## Task data

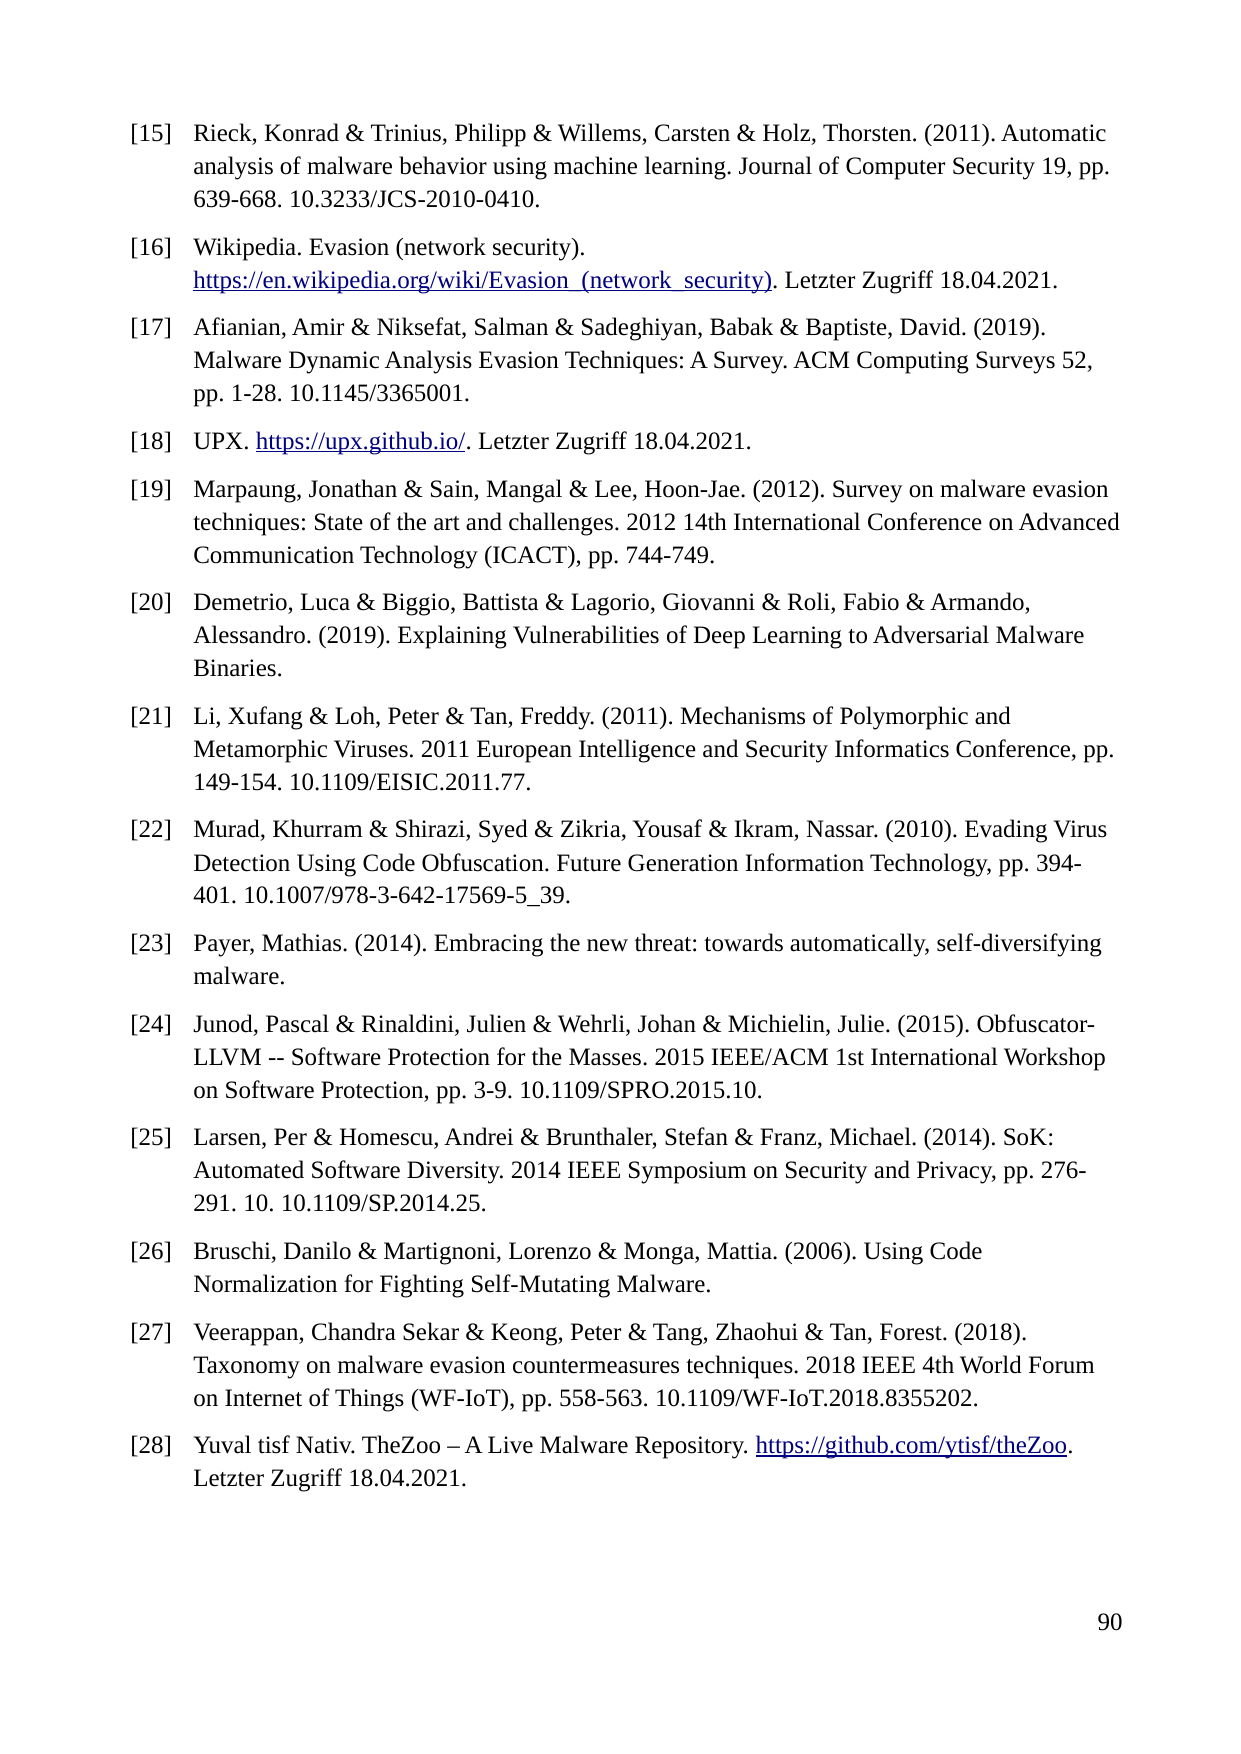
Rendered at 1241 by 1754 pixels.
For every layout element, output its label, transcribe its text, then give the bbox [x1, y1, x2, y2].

list UPX. https://upx.github.io/. Letzter Zugriff 18.04.2021. [130, 426, 1122, 455]
list Murad, Khurram & Shirazi, Syed & Zikria, Yousaf & Ikram, Nassar. (2010). Evading Virus Detection Using Code Obfuscation. Future Generation Information Technology, pp. 394-401. 10.1007/978-3-642-17569-5_39. [130, 814, 1122, 909]
list Payer, Mathias. (2014). Embracing the new threat: towards automatically, self-diversifying malware. [130, 928, 1122, 990]
list Demetrio, Luca & Biggio, Battista & Lagorio, Giovanni & Roli, Fabio & Armando, Alessandro. (2019). Explaining Vulnerabilities of Deep Learning to Adversarial Malware Binaries. [130, 587, 1122, 682]
list Rieck, Konrad & Trinius, Philipp & Willems, Carsten & Holz, Thorsten. (2011). Automatic analysis of malware behavior using machine learning. Journal of Computer Security 19, pp. 639-668. 10.3233/JCS-2010-0410. [130, 118, 1122, 213]
list Junod, Pascal & Rinaldini, Julien & Wehrli, Johan & Michielin, Julie. (2015). Obfuscator-LLVM -- Software Protection for the Masses. 2015 IEEE/ACM 1st International Workshop on Software Protection, pp. 3-9. 10.1109/SPRO.2015.10. [130, 1009, 1122, 1104]
list Marpaung, Jonathan & Sain, Mangal & Lee, Hoon-Jae. (2012). Survey on malware evasion techniques: State of the art and challenges. 2012 14th International Conference on Advanced Communication Technology (ICACT), pp. 744-749. [130, 474, 1122, 568]
list Bruschi, Danilo & Martignoni, Lorenzo & Monga, Mattia. (2006). Using Code Normalization for Fighting Self-Mutating Malware. [130, 1236, 1122, 1298]
list Wikipedia. Evasion (network security). https://en.wikipedia.org/wiki/Evasion_(network_security). Letzter Zugriff 18.04.2021. [130, 232, 1122, 293]
list Li, Xufang & Loh, Peter & Tan, Freddy. (2011). Mechanisms of Polymorphic and Metamorphic Viruses. 2011 European Intelligence and Security Informatics Conference, pp. 149-154. 10.1109/EISIC.2011.77. [130, 701, 1122, 796]
list Yuval tisf Nativ. TheZoo – A Live Malware Repository. https://github.com/ytisf/theZoo. Letzter Zugriff 18.04.2021. [130, 1430, 1122, 1492]
list Afianian, Amir & Niksefat, Salman & Sadeghiyan, Babak & Baptiste, David. (2019). Malware Dynamic Analysis Evasion Techniques: A Survey. ACM Computing Surveys 52, pp. 1-28. 10.1145/3365001. [130, 312, 1122, 407]
list Larsen, Per & Homescu, Andrei & Brunthaler, Stefan & Franz, Michael. (2014). SoK: Automated Software Diversity. 2014 IEEE Symposium on Security and Privacy, pp. 276-291. 10. 10.1109/SP.2014.25. [130, 1122, 1122, 1217]
list Veerappan, Chandra Sekar & Keong, Peter & Tang, Zhaohui & Tan, Forest. (2018). Taxonomy on malware evasion countermeasures techniques. 2018 IEEE 4th World Forum on Internet of Things (WF-IoT), pp. 558-563. 10.1109/WF-IoT.2018.8355202. [130, 1317, 1122, 1412]
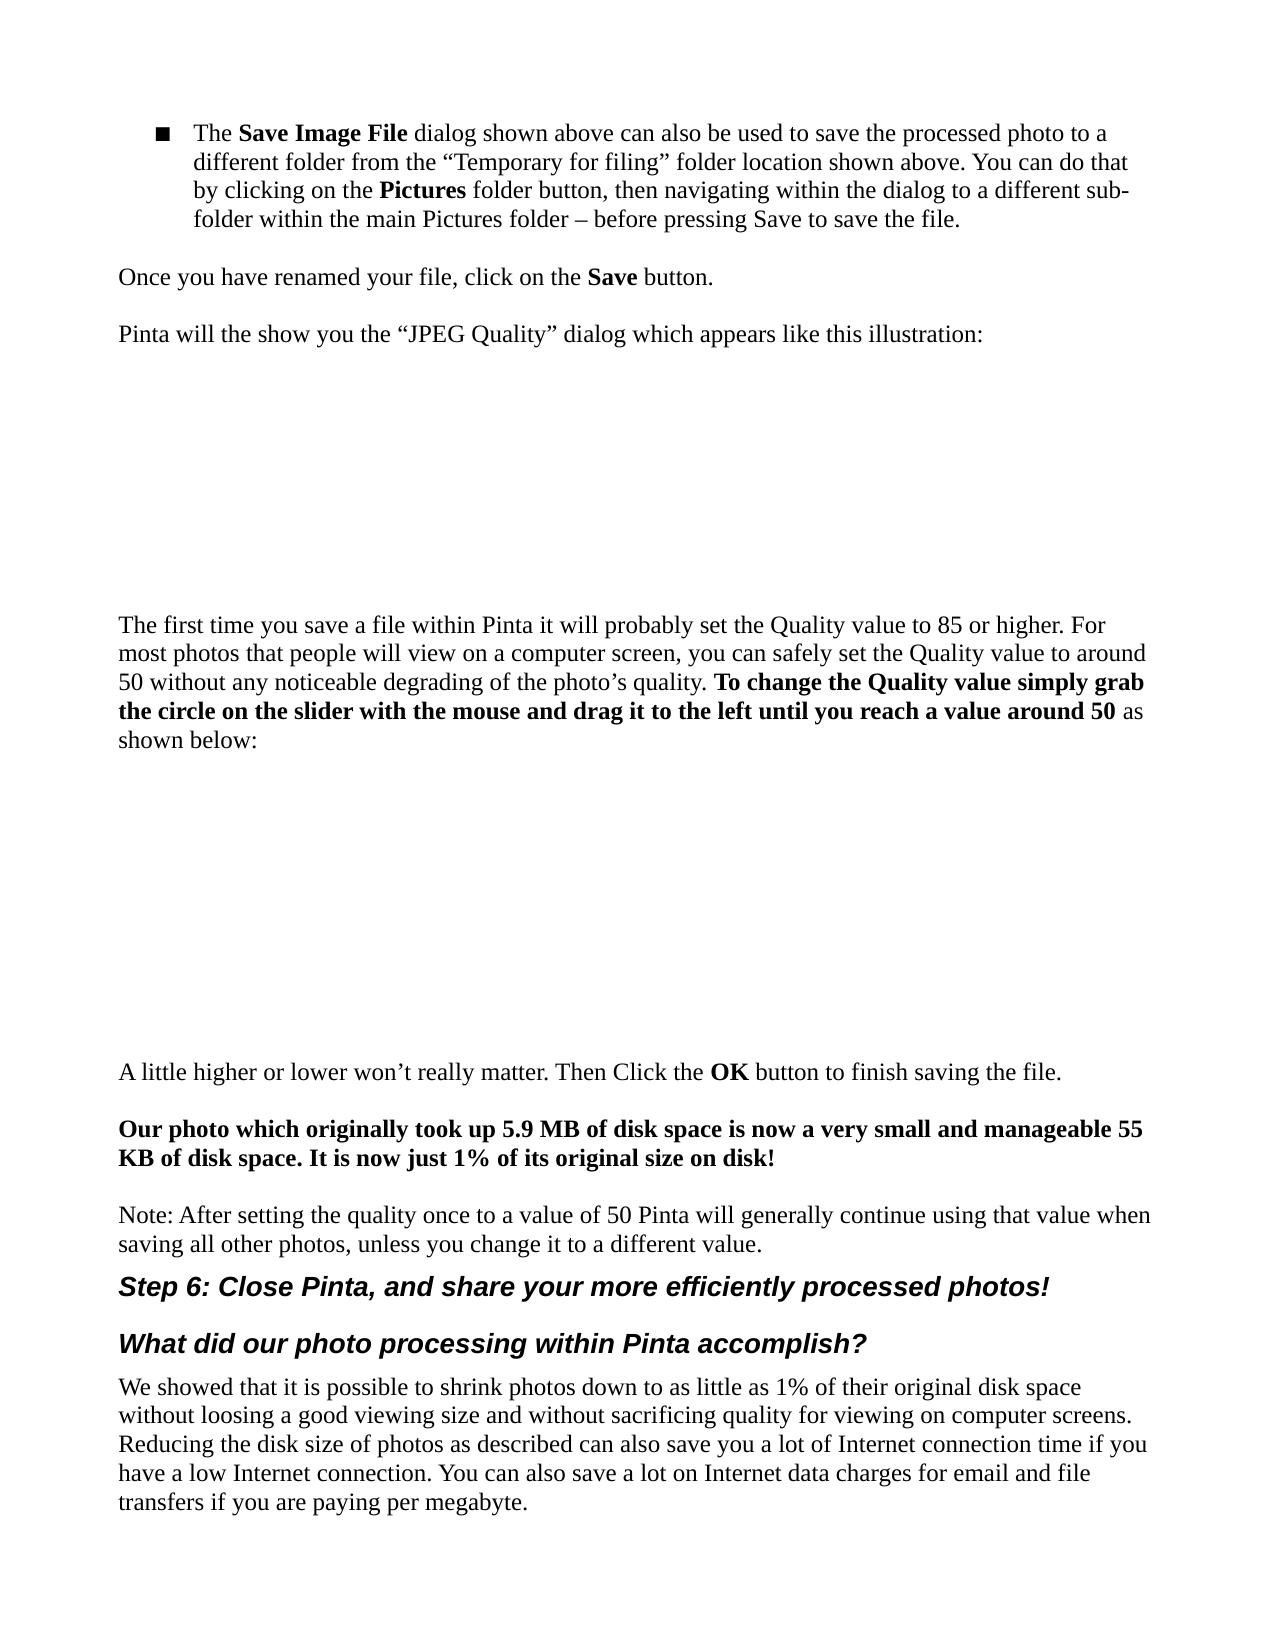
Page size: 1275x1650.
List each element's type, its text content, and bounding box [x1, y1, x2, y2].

text Pinta will the show you the “JPEG Quality” dialog which appears like this illustration: [118, 319, 1157, 348]
text Our photo which originally took up 5.9 MB of disk space is now a very small and manageable 55 KB of disk space. It is now just 1% of its original size on disk! [118, 1114, 1157, 1172]
text The first time you save a file within Pinta it will probably set the Quality value to 85 or higher. For most photos that people will view on a computer screen, you can safely set the Quality value to around 50 without any noticeable degrading of the photo’s quality. To change the Quality value simply grab the circle on the slider with the mouse and drag it to the left until you reach a value around 50 as shown below: [118, 610, 1157, 753]
text We showed that it is possible to shrink photos down to as little as 1% of their original disk space without loosing a good viewing size and without sacrificing quality for viewing on computer screens. Reducing the disk size of photos as described can also save you a lot of Internet connection time if you have a low Internet connection. You can also save a lot on Internet data charges for email and file transfers if you are paying per megabyte. [118, 1372, 1157, 1516]
list The Save Image File dialog shown above can also be used to save the processed photo to a different folder from the “Temporary for filing” folder location shown above. You can do that by clicking on the Pictures folder button, then navigating within the dialog to a different sub-folder within the main Pictures folder – before pressing Save to save the file. [156, 118, 1157, 233]
text Note: After setting the quality once to a value of 50 Pinta will generally continue using that value when saving all other photos, unless you change it to a different value. [118, 1201, 1157, 1258]
subtitle Step 6: Close Pinta, and share your more efficiently processed photos! [118, 1271, 1157, 1302]
text A little higher or lower won’t really matter. Then Click the OK button to finish saving the file. [118, 1057, 1157, 1086]
subtitle What did our photo processing within Pinta accomplish? [118, 1327, 1157, 1359]
text Once you have renamed your file, click on the Save button. [118, 262, 1157, 291]
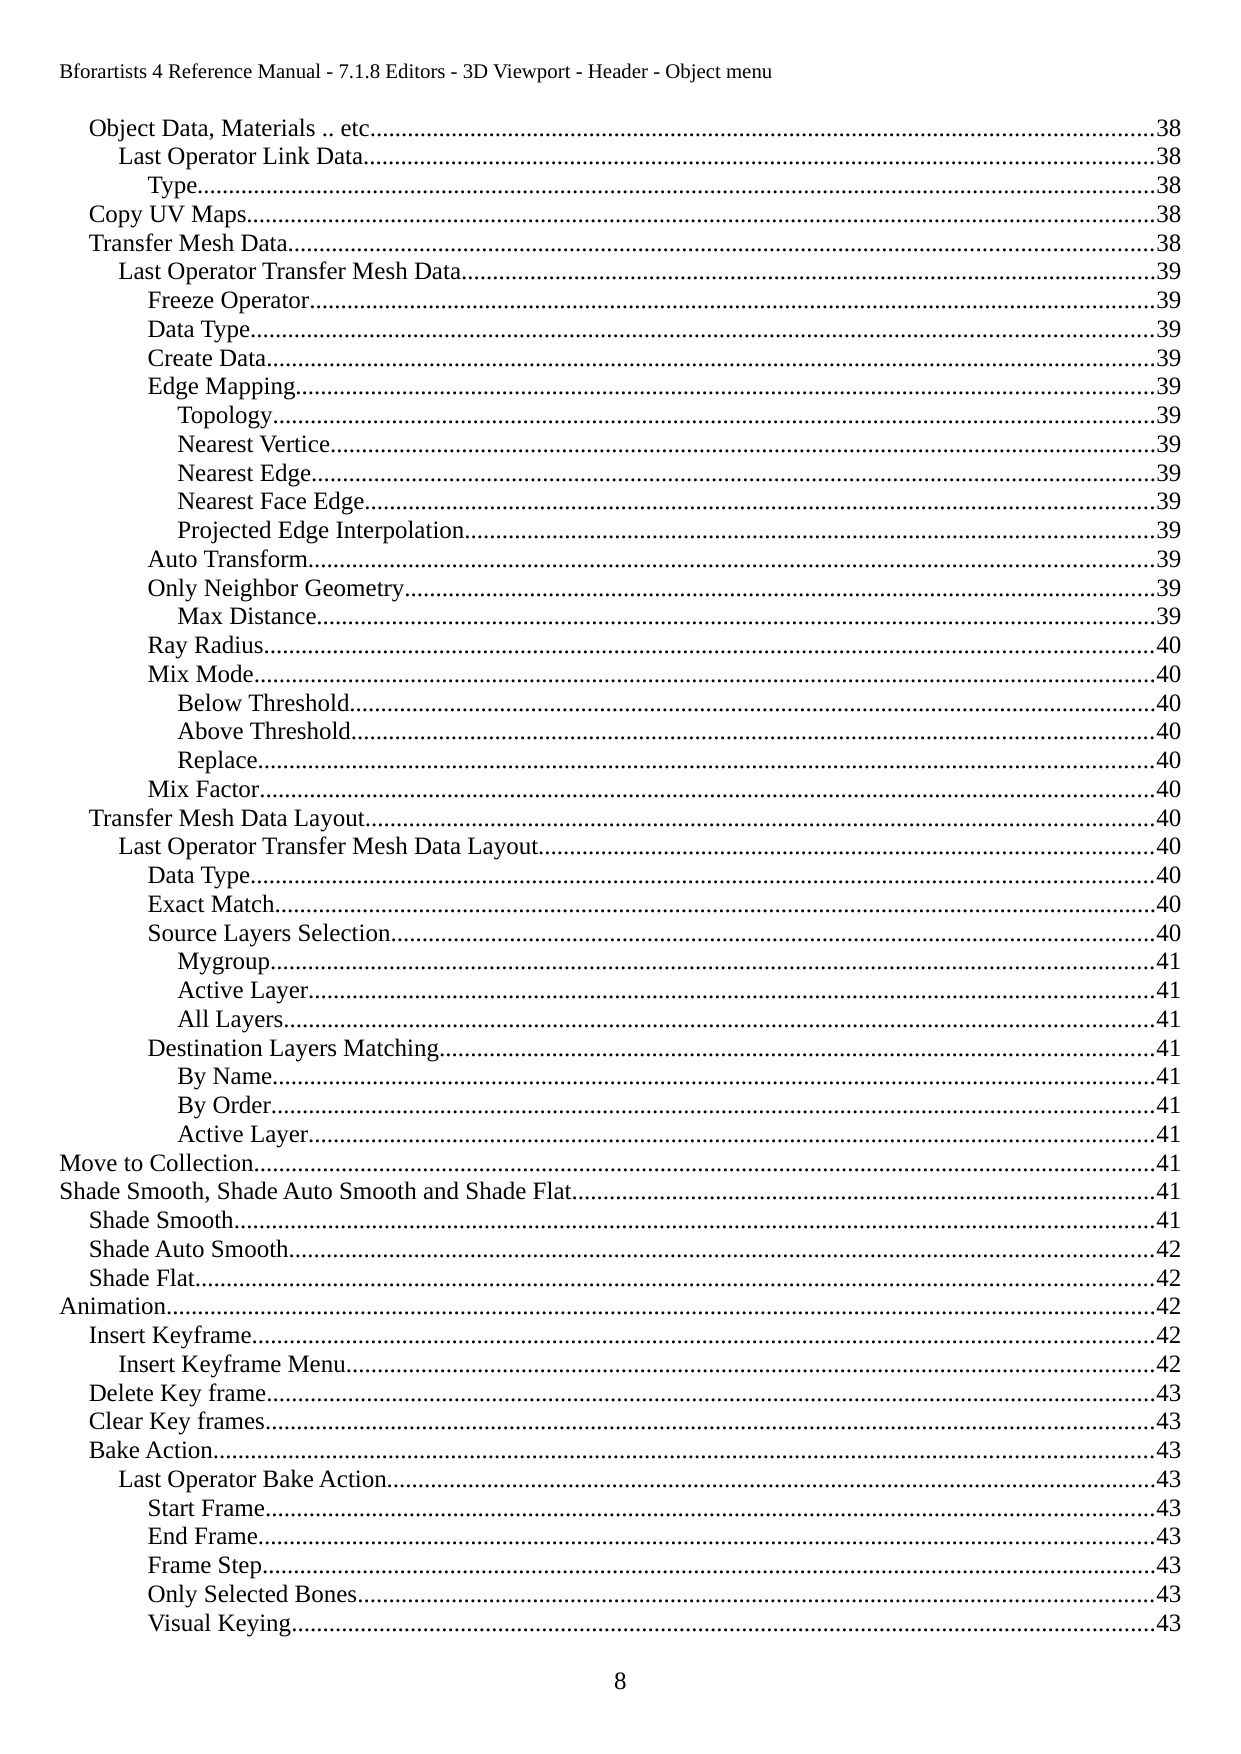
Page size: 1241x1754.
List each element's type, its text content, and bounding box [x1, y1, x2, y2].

text Shade Smooth, Shade Auto Smooth and Shade Flat 41 [59, 1176, 1181, 1205]
text Insert Keyframe 42 [88, 1320, 1181, 1349]
text All Layers 41 [177, 1004, 1181, 1033]
text Max Distance 39 [177, 601, 1181, 630]
text Delete Key frame 43 [88, 1378, 1181, 1406]
text End Frame 43 [147, 1521, 1181, 1550]
text Type 38 [147, 170, 1181, 199]
text Last Operator Bake Action 43 [118, 1464, 1181, 1493]
text Frame Step 43 [147, 1550, 1181, 1579]
text Copy UV Maps 38 [88, 199, 1181, 228]
text Topology 39 [177, 400, 1181, 429]
text Exact Match 40 [147, 889, 1181, 918]
text Visual Keying 43 [147, 1608, 1181, 1636]
text Insert Keyframe Menu 42 [118, 1349, 1181, 1378]
text Nearest Face Edge 39 [177, 486, 1181, 515]
text Only Selected Bones 43 [147, 1579, 1181, 1608]
text Start Frame 43 [147, 1493, 1181, 1521]
text Replace 40 [177, 745, 1181, 774]
text Move to Collection 41 [59, 1148, 1181, 1176]
text Freeze Operator 39 [147, 285, 1181, 314]
text Active Layer 41 [177, 975, 1181, 1004]
text Auto Transform 39 [147, 544, 1181, 573]
text Source Layers Selection 40 [147, 918, 1181, 946]
text Edge Mapping 39 [147, 371, 1181, 400]
text Data Type 39 [147, 314, 1181, 343]
text Mix Mode 40 [147, 659, 1181, 688]
text Last Operator Transfer Mesh Data Layout 40 [118, 831, 1181, 860]
text Last Operator Transfer Mesh Data 39 [118, 256, 1181, 285]
text Ray Radius 40 [147, 630, 1181, 659]
text Mygroup 41 [177, 946, 1181, 975]
text Nearest Vertice 39 [177, 429, 1181, 458]
text Clear Key frames 43 [88, 1406, 1181, 1435]
text Object Data, Materials .. etc 38 [88, 113, 1181, 141]
text Below Threshold 40 [177, 688, 1181, 716]
text Create Data 39 [147, 343, 1181, 371]
text Shade Smooth 41 [88, 1205, 1181, 1234]
text Only Neighbor Geometry 39 [147, 573, 1181, 601]
text Last Operator Link Data 38 [118, 141, 1181, 170]
text Shade Flat 42 [88, 1263, 1181, 1291]
text By Order 41 [177, 1090, 1181, 1119]
text Mix Factor 40 [147, 774, 1181, 803]
text Data Type 40 [147, 860, 1181, 889]
text Transfer Mesh Data Layout 40 [88, 803, 1181, 831]
text Active Layer 41 [177, 1119, 1181, 1148]
text Nearest Edge 39 [177, 458, 1181, 486]
text By Name 41 [177, 1061, 1181, 1090]
text Transfer Mesh Data 38 [88, 228, 1181, 256]
text Animation 42 [59, 1291, 1181, 1320]
text Above Threshold 40 [177, 716, 1181, 745]
text Shade Auto Smooth 42 [88, 1234, 1181, 1263]
text Projected Edge Interpolation 39 [177, 515, 1181, 544]
text Destination Layers Matching 41 [147, 1033, 1181, 1061]
text Bake Action 43 [88, 1435, 1181, 1464]

## What this task involves
Copy out the lines above exactly, beginning at the one that contains "text Max Distance 39 [177, 601, 1181, 630]" and ending at the one that contains "text Nearest Face".

## Answer for this exercise
text Max Distance 39 [177, 601, 1181, 630]
text Delete Key frame 43 [88, 1378, 1181, 1406]
text End Frame 43 [147, 1521, 1181, 1550]
text Type 38 [147, 170, 1181, 199]
text Last Operator Bake Action 43 [118, 1464, 1181, 1493]
text Frame Step 43 [147, 1550, 1181, 1579]
text Copy UV Maps 38 [88, 199, 1181, 228]
text Topology 39 [177, 400, 1181, 429]
text Exact Match 40 [147, 889, 1181, 918]
text Visual Keying 43 [147, 1608, 1181, 1636]
text Insert Keyframe Menu 42 [118, 1349, 1181, 1378]
text Nearest Face Edge 39 [177, 486, 1181, 515]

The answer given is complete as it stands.